Hermes Agent: The Self-Evolving AI Agent That Learns From Every Conversation — BestGeneralAI Agents

In February 2026, Nous Research open-sourced Hermes Agent. By April it had 85,000 GitHub stars. By June, 187,000. OpenRouter recorded 291 billion tokens consumed through Hermes Agent in a single day in mid-May. Over a trillion tokens that week.

Those numbers reflect a real shift: developers are moving their AI workflows into a persistent agent layer that runs continuously. Not a CLI tool you open and close, but a background process that learns from every interaction.
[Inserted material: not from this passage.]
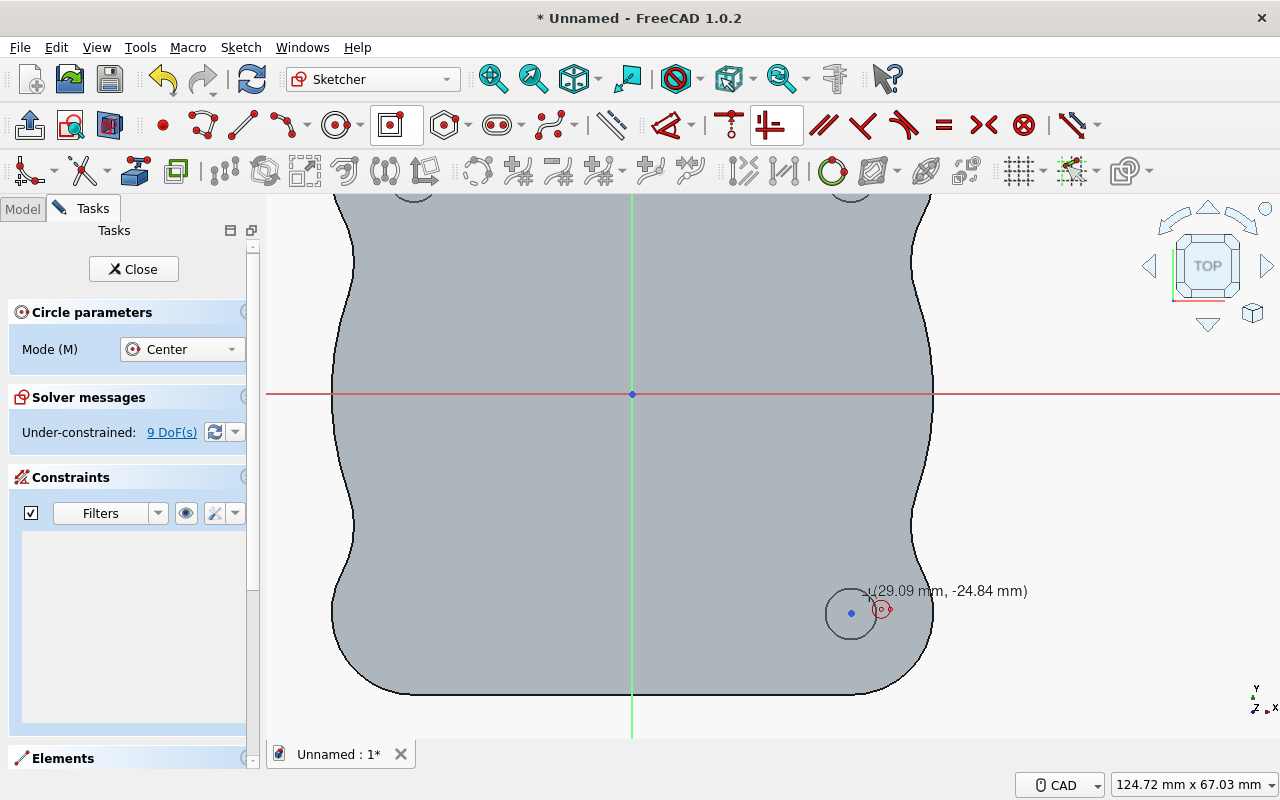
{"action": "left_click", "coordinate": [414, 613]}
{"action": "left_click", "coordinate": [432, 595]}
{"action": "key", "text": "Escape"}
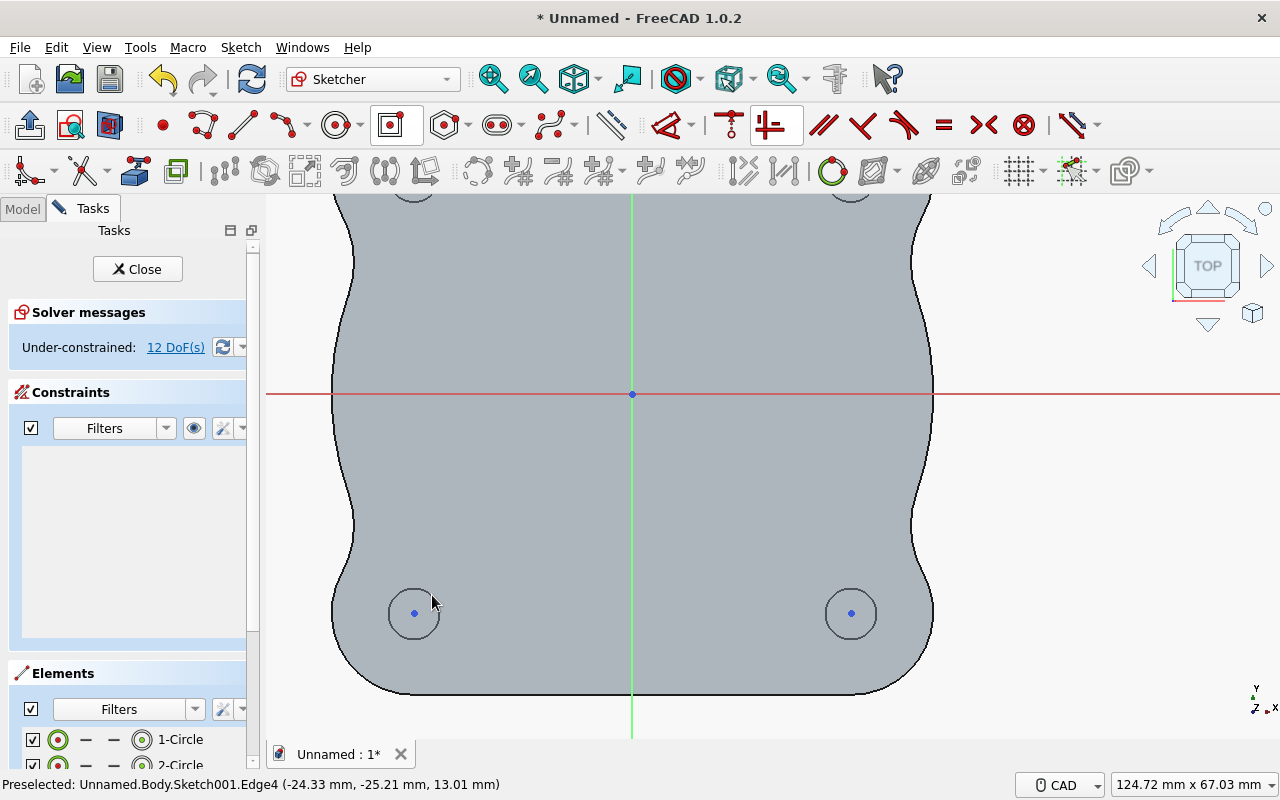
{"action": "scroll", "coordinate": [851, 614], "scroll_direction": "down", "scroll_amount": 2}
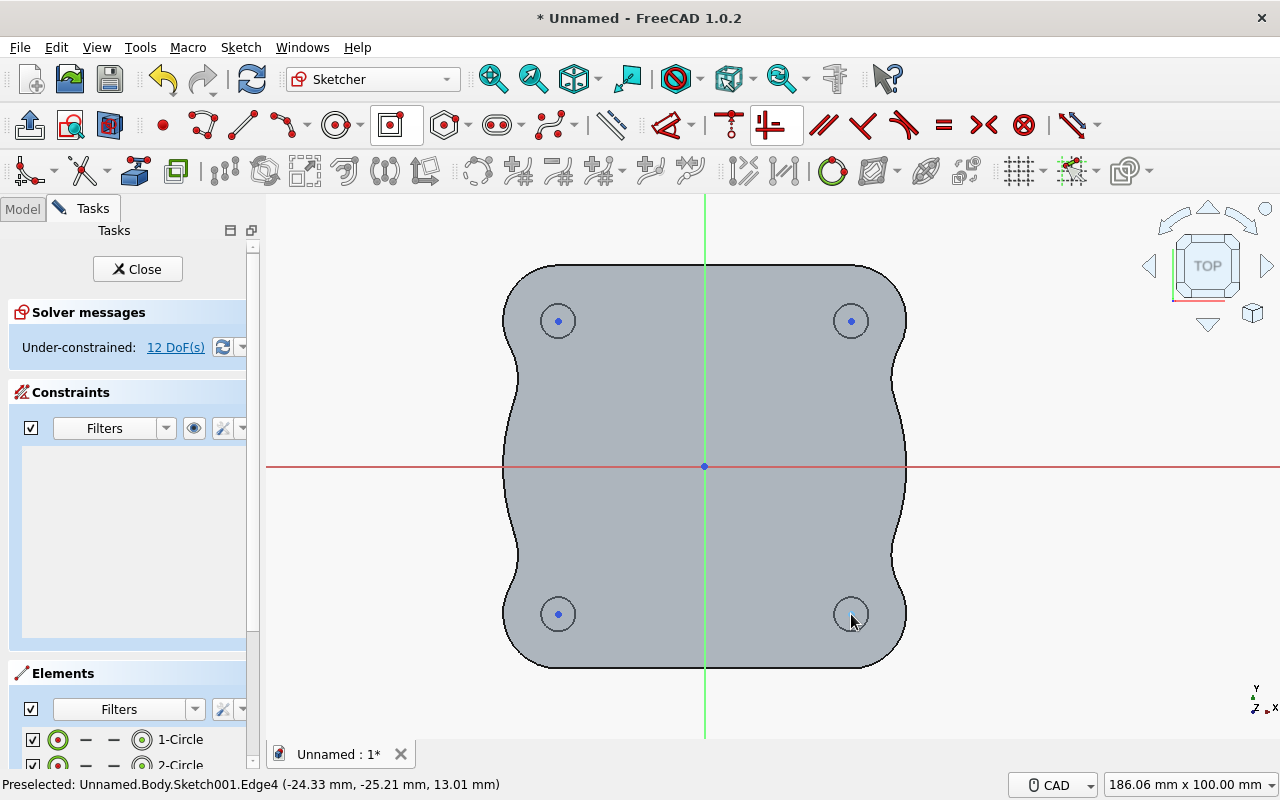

Here is what Hermes Agent does, why its learning loop matters, how it compares to OpenClaw and Claude Code, and what to know before installing it.

What Hermes Agent actually is

Hermes Agent is an agent operating system: a persistent runtime that sits between you and whatever LLM provider you choose and maintains context, memory, and skills across sessions. It is not a model, and it is not a coding tool.

Most developers first encounter AI tools at Layer 2: coding agents like Claude Code and Codex that wrap a model with codebase awareness and editing capabilities. Hermes Agent lives at Layer 3, the orchestration layer. It coordinates tools, remembers preferences, schedules tasks, and dispatches specialized sub-agents (including Layer 2 coding agents) as worker processes.

Built by the same research lab behind the Hermes family of fine-tuned models, it inherits a deep understanding of model behavior. But the value is architectural, not about inference quality. You point it at any model (Nous Portal, OpenAI, Anthropic, OpenRouter, NVIDIA NIM, DeepSeek, MiniMax, or a custom endpoint) and it handles the rest.

One command switches providers: hermes model. No code changes, no config overhaul, no lock-in.

The learning loop: why Hermes is different

Most AI agents treat every conversation as a blank slate. You describe your project, your preferences, your stack. The agent responds. Next session, you do it again.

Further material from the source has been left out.